Required work
The listing below should be written out word for word, with its pictures removed.

Given records

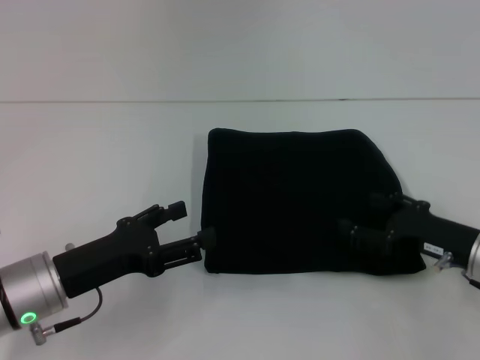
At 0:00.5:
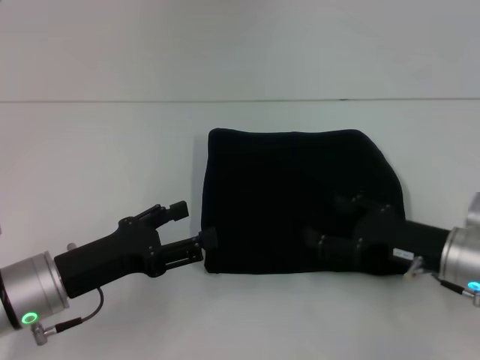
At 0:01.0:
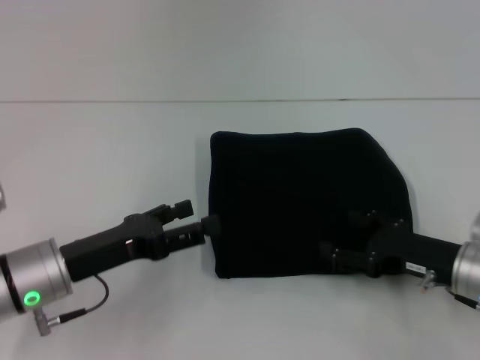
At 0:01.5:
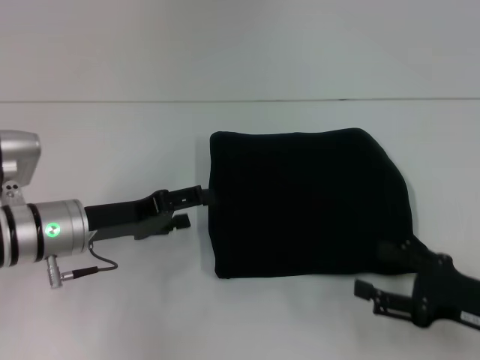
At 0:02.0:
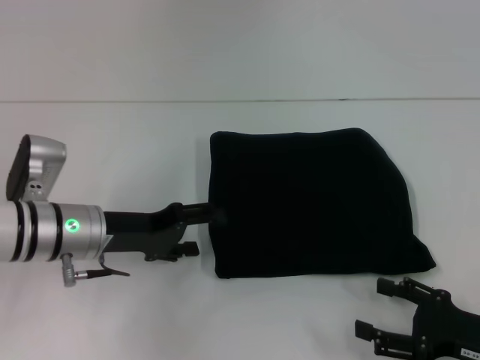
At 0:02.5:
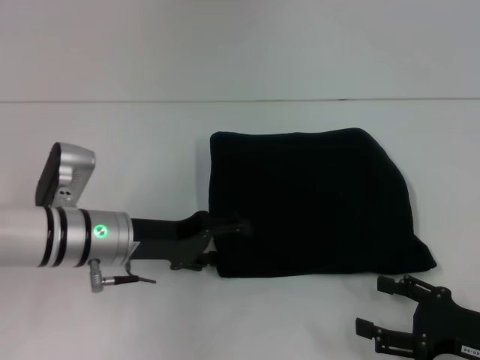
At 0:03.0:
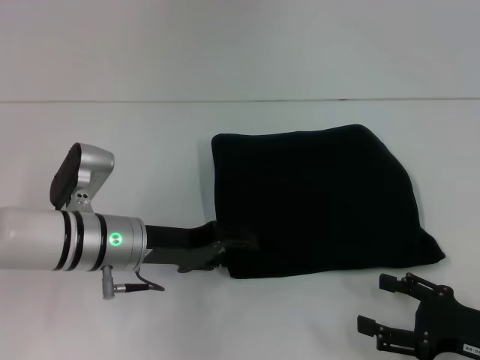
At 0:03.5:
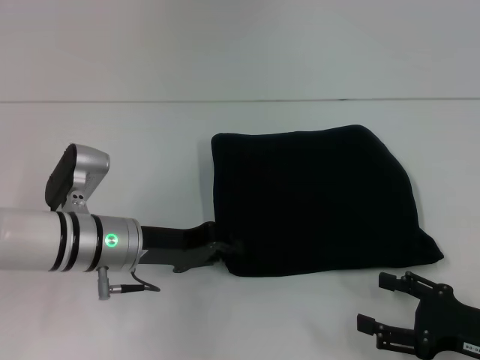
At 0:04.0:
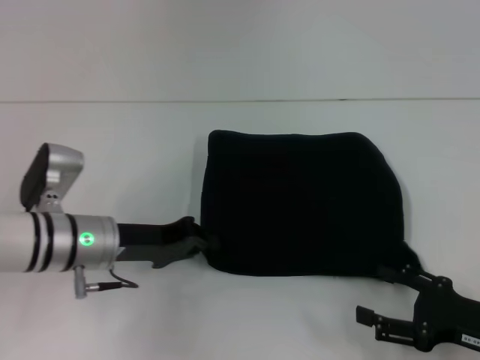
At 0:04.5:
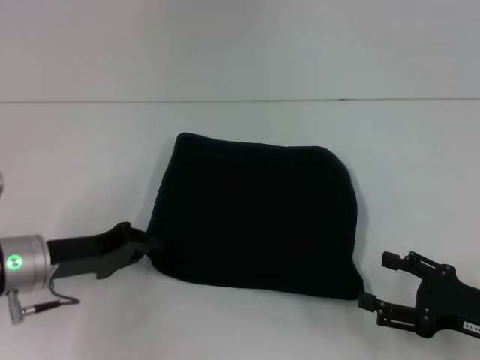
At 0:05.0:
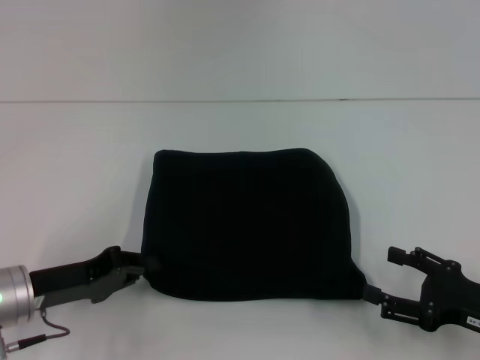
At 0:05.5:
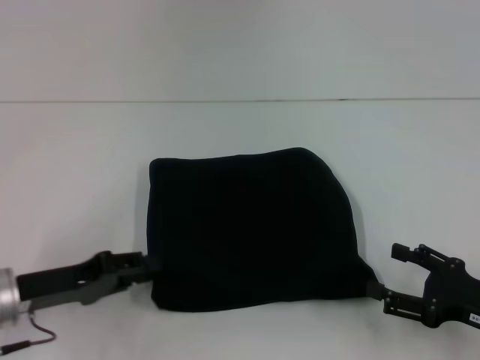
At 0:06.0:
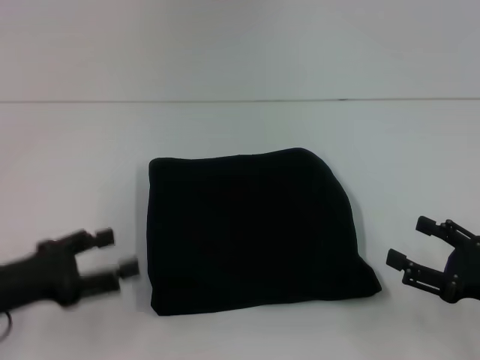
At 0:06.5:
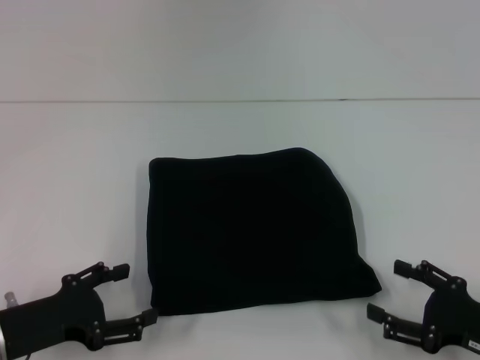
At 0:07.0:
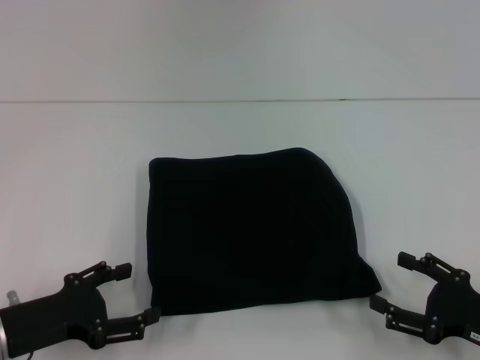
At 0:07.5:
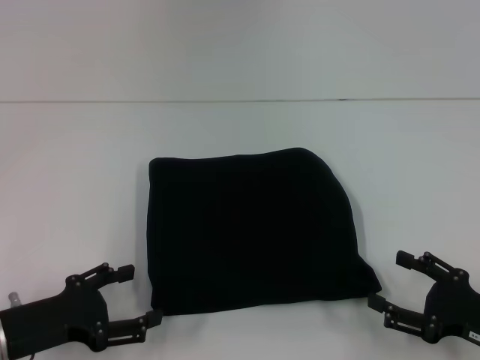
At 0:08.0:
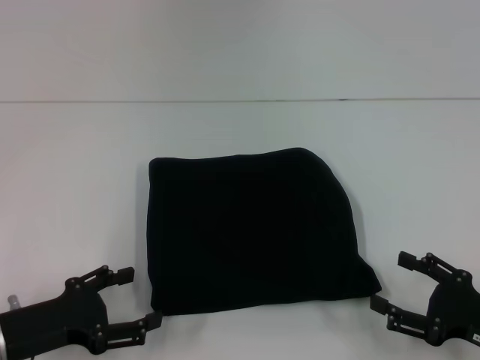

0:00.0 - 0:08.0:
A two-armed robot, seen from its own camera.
0:00.0 - 0:02.0: The right gripper travels backward by approximately 10 cm. Meanwhile the left gripper heads forward, covering roughly 10 cm.
0:02.0 - 0:04.0: The left gripper closes up.
0:04.0 - 0:06.0: The left gripper goes roughly 15 cm to the left and backward, and opens.
0:06.0 - 0:08.0: The left gripper shifts by about 5 cm, and opens.

Written solution
At 0:00.5:
At 0:01.0:
At 0:01.5:
At 0:02.0:
At 0:02.5:
At 0:03.0:
At 0:03.5:
At 0:04.0:
At 0:04.5:
At 0:05.0:
At 0:05.5:
At 0:06.0:
At 0:06.5:
At 0:07.0:
At 0:07.5:
At 0:08.0:

0:00.0 - 0:08.0:
A two-armed robot, seen from its own camera.
0:00.0 - 0:02.0: The right gripper travels backward by approximately 10 cm. Meanwhile the left gripper heads forward, covering roughly 10 cm.
0:02.0 - 0:04.0: The left gripper closes up.
0:04.0 - 0:06.0: The left gripper goes roughly 15 cm to the left and backward, and opens.
0:06.0 - 0:08.0: The left gripper shifts by about 5 cm, and opens.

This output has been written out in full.